According to Johnson, after a discussion with Sutherland on Sunday, his understanding is that once repairs reach Kinneys Lane, the idea is workers will take a break, allowing pressure in the lines to return to normal. Early Tuesday afternoon, Sutherland said the city may have been able to blast water up to the hilltop area, but feared doing such would stir up the pipes, causing the scattering of what he called “tuberculation,” which according to a Google search is “the formation of localized corrosion products scattered over the surface (of pipes) in the form of knob-like mounds.” When water is forced harshly through the pipes, those materials become loose and are released into the water. One construction company website notes this is especially a problem in pipes nearing or over 100 years of age.
In summing up, Johnson said one key to dealing with situations such as this is increased communication with residents. Towards that end, the city health department has set up a 24-hour call line at 740–354–8931.

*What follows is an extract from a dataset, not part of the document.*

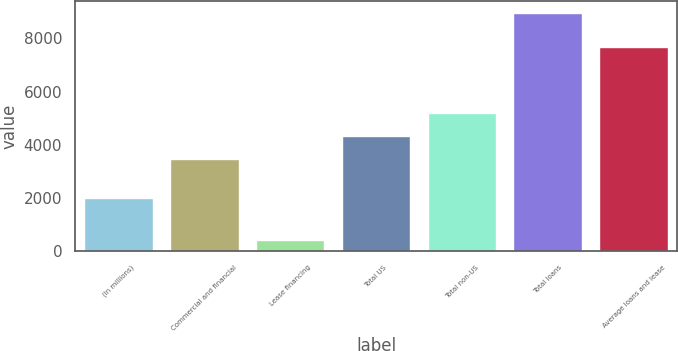Convert chart. <chart><loc_0><loc_0><loc_500><loc_500><bar_chart><fcel>(In millions)<fcel>Commercial and financial<fcel>Lease financing<fcel>Total US<fcel>Total non-US<fcel>Total loans<fcel>Average loans and lease<nl><fcel>2006<fcel>3480<fcel>415<fcel>4333.1<fcel>5186.2<fcel>8946<fcel>7670<nl></chart> 
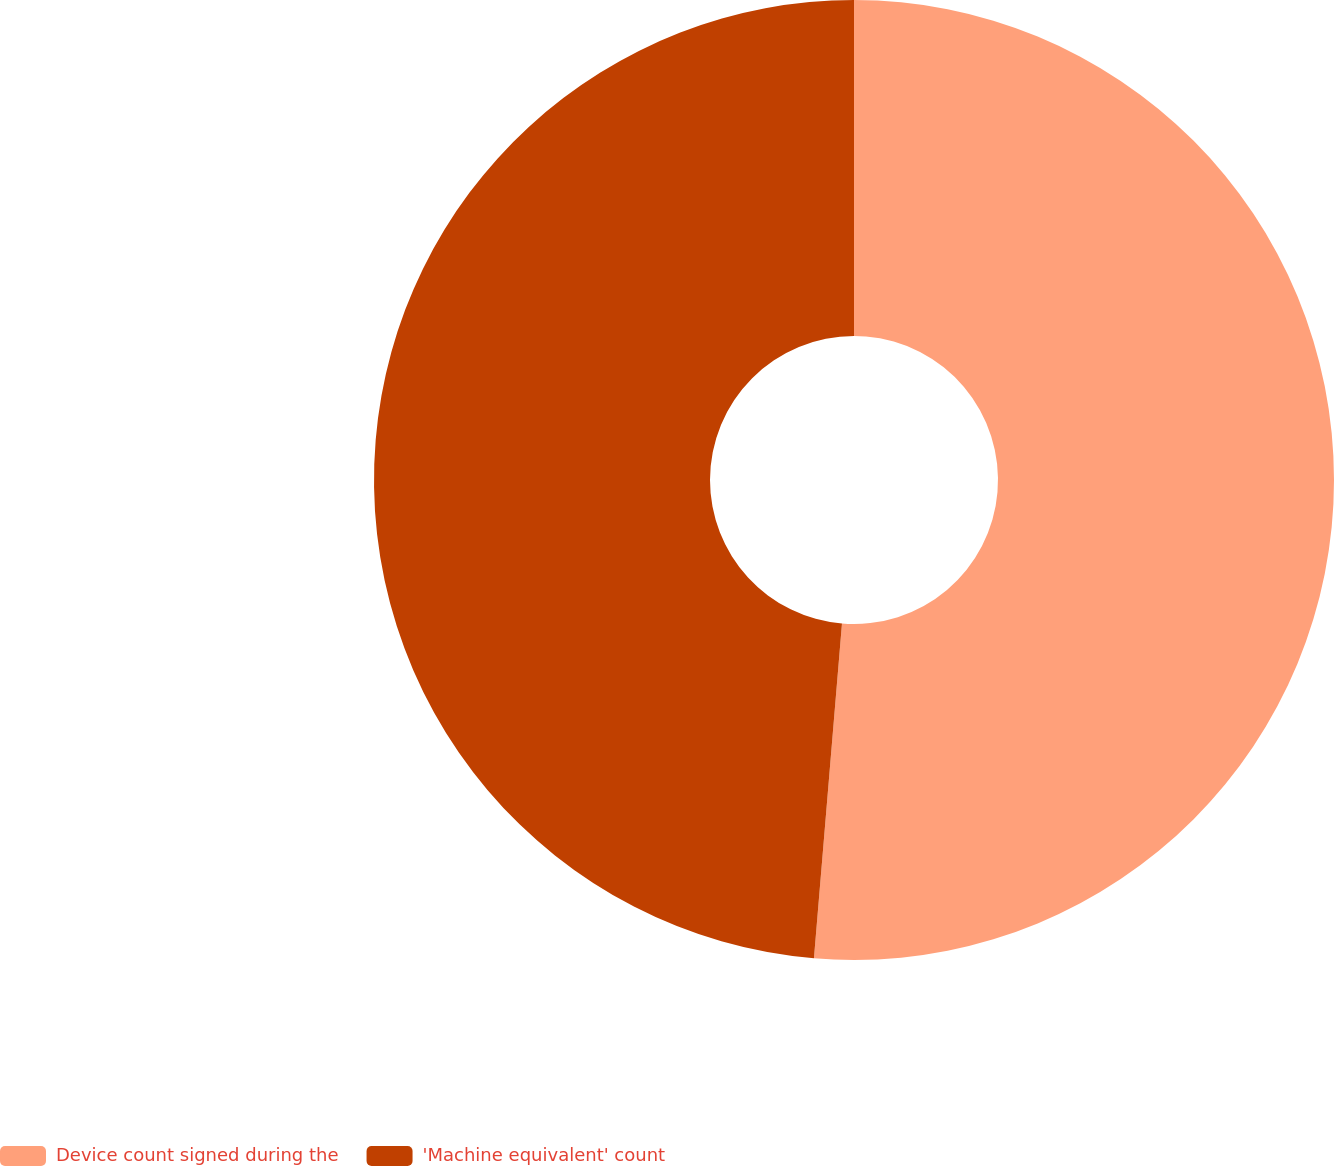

For the future, Johnson said officials are looking into setting up a service which can send text messages to all residents informing them of boil orders and related information. He said the issue was discussed at Monday’s City Council meeting. Police Chief Robert Ware is supposed to be checking into the cost of such a system, but Johnson believes it would be minimal adding he would be in favor of moving to implement such a system as soon as possible. Ware told the Daily Times his department has been dealing with few problems related to the water crisis.
In the meantime, Johnson cautioned the city is liable to experience further water problems down the line.
“This is not just going to go away,” he said. “There’s no sense in candy coating it.”